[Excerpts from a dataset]
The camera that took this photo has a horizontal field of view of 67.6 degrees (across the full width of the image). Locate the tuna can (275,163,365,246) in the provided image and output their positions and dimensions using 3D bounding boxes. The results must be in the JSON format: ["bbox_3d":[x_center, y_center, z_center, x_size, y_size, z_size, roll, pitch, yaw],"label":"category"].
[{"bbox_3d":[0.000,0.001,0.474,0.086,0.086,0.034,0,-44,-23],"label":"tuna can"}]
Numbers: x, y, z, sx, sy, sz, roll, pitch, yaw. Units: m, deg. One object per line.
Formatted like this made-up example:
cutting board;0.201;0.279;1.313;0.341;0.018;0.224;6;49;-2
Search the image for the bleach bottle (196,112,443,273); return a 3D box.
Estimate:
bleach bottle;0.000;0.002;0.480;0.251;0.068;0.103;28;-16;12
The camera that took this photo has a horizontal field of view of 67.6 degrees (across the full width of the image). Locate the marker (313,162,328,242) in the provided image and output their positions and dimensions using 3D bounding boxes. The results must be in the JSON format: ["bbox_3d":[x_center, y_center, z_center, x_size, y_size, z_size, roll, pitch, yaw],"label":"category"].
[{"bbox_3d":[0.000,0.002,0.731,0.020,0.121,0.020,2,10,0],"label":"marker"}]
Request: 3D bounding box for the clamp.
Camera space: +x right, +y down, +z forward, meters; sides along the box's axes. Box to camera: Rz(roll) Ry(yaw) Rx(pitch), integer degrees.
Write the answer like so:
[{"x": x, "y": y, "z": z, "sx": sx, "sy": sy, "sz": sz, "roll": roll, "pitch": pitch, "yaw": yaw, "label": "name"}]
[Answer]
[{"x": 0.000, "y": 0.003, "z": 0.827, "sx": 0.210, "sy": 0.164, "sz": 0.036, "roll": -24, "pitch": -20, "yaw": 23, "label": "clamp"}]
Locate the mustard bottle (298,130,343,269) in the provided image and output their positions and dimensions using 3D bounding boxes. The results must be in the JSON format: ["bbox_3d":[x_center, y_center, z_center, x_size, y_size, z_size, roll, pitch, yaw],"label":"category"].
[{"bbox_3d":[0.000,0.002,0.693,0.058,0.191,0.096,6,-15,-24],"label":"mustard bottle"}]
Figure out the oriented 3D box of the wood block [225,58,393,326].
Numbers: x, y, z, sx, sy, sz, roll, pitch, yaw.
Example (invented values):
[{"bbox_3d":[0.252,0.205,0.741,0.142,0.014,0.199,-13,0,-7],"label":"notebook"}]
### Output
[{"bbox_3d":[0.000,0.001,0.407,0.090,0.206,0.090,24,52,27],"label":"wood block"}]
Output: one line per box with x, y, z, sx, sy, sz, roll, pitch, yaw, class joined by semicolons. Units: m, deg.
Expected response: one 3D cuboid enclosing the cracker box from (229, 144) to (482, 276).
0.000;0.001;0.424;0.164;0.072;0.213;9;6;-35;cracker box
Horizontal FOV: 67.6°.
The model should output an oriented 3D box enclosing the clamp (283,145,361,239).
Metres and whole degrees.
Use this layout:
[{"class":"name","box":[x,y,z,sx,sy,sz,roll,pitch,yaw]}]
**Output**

...

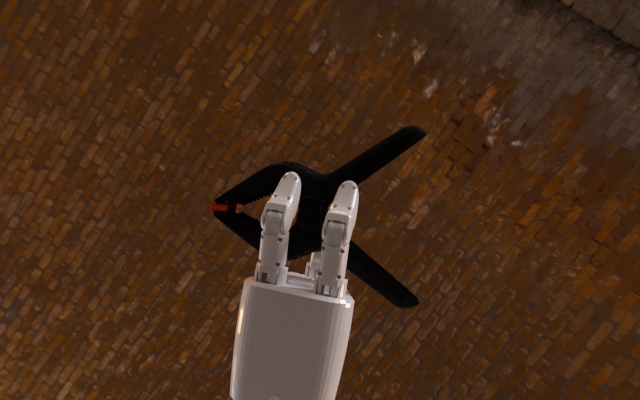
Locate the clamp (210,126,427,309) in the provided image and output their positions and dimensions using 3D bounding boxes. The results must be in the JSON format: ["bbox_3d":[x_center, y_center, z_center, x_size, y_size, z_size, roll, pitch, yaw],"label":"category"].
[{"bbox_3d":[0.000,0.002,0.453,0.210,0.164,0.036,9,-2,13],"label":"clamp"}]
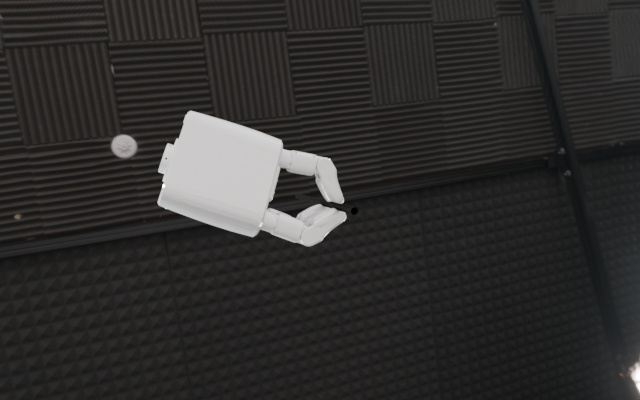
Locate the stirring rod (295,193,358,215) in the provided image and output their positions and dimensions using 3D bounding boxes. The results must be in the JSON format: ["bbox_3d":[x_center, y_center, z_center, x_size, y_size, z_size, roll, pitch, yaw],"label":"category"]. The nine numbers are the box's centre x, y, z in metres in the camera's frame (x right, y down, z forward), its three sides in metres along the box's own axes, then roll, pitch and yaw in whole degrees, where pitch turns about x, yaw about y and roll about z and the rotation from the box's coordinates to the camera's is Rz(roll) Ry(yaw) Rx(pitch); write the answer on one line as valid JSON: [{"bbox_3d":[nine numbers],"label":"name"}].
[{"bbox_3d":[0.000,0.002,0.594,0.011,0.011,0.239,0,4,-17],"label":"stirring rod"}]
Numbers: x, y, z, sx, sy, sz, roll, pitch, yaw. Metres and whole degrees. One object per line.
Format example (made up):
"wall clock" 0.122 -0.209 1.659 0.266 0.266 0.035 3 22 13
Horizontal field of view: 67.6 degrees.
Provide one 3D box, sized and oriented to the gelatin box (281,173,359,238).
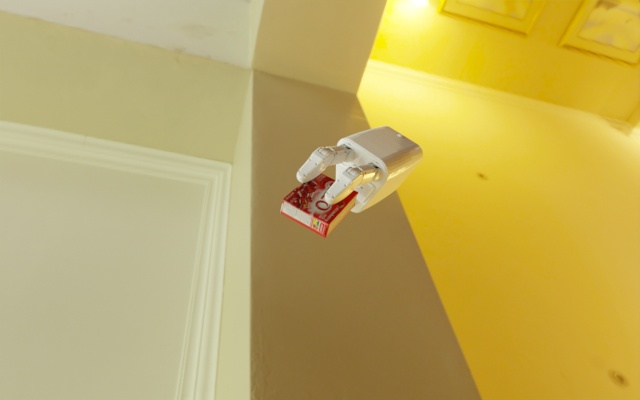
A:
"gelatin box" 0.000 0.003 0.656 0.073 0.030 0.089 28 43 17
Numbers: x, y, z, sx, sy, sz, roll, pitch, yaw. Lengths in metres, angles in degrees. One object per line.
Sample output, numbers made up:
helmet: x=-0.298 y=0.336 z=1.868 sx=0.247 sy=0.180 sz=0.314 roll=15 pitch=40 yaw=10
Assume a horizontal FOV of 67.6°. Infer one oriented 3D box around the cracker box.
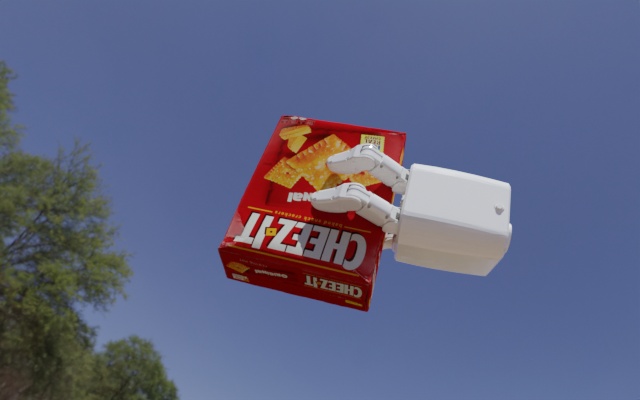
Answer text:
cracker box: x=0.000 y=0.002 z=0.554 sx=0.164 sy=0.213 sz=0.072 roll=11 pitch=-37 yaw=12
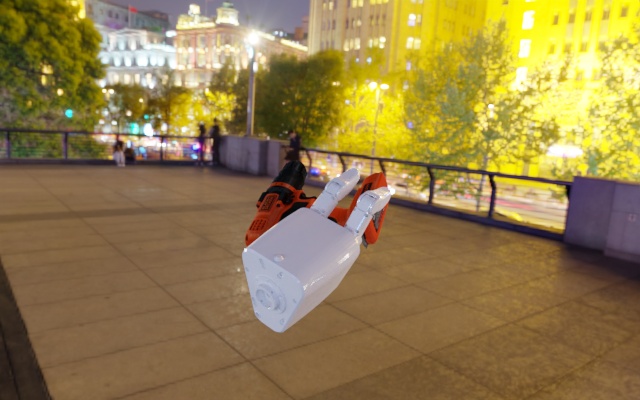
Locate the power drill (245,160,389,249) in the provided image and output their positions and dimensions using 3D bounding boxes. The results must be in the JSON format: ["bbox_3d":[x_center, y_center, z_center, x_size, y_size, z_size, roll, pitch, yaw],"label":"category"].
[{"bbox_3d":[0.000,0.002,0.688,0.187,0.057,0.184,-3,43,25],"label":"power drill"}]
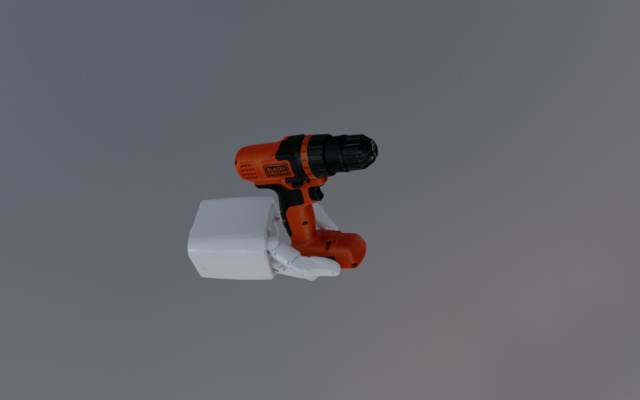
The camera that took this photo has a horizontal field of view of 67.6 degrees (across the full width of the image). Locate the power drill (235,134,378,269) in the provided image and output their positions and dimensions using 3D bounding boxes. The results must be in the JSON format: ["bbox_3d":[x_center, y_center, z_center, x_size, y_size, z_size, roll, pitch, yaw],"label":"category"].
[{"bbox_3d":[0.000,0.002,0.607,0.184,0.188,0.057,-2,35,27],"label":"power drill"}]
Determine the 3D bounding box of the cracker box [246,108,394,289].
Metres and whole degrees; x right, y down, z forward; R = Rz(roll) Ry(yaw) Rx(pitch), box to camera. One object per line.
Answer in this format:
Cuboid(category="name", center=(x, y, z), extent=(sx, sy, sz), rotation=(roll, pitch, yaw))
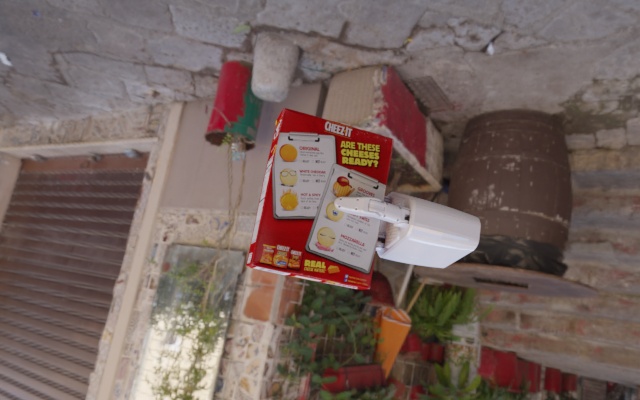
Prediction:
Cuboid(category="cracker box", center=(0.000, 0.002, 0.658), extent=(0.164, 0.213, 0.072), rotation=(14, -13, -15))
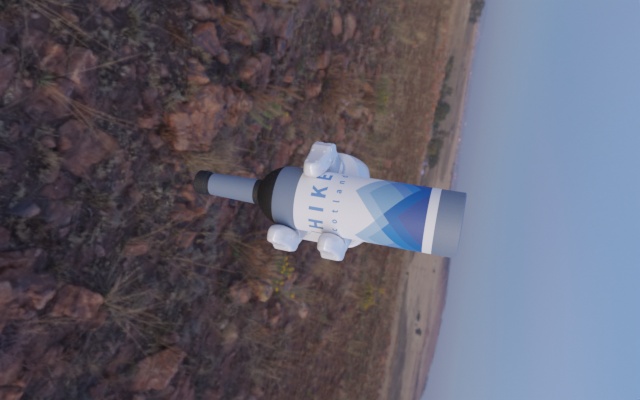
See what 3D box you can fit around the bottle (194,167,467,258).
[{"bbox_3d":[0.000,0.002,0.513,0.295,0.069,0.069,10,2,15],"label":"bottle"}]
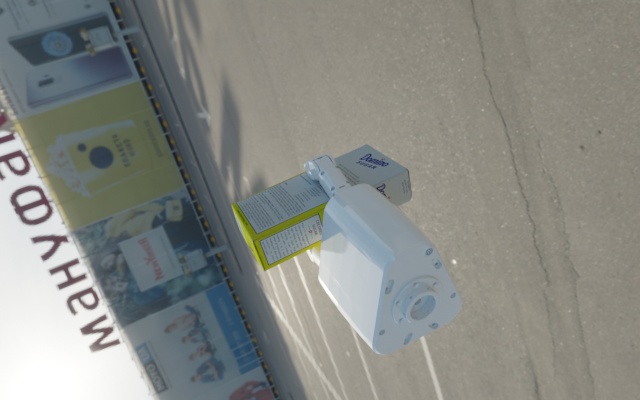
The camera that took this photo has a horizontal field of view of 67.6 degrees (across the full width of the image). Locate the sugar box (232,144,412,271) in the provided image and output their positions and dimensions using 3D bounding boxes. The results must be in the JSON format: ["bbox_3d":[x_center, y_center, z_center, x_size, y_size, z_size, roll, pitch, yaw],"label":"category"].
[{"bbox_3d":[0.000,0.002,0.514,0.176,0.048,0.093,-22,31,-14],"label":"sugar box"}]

---

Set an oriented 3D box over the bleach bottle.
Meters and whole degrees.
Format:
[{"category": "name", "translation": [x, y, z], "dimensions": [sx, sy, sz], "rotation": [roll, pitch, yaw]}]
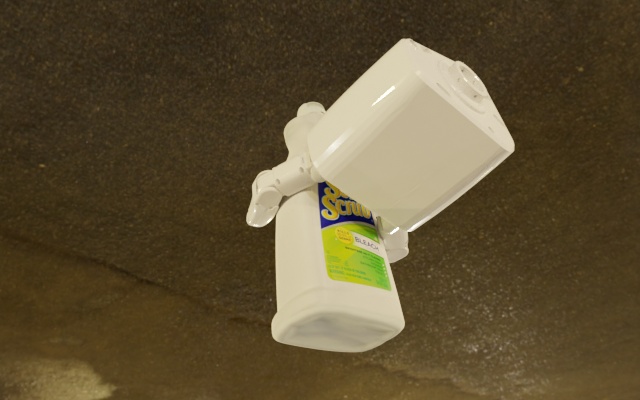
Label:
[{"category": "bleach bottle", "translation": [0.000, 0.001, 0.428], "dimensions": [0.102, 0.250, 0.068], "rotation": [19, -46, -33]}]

**YOUR GOAL:** Select all lines with the word "like" from the entries above.

**SOLUTION TO THE EXERCISE:**
Formatted like this made-up example:
Write the answer like so:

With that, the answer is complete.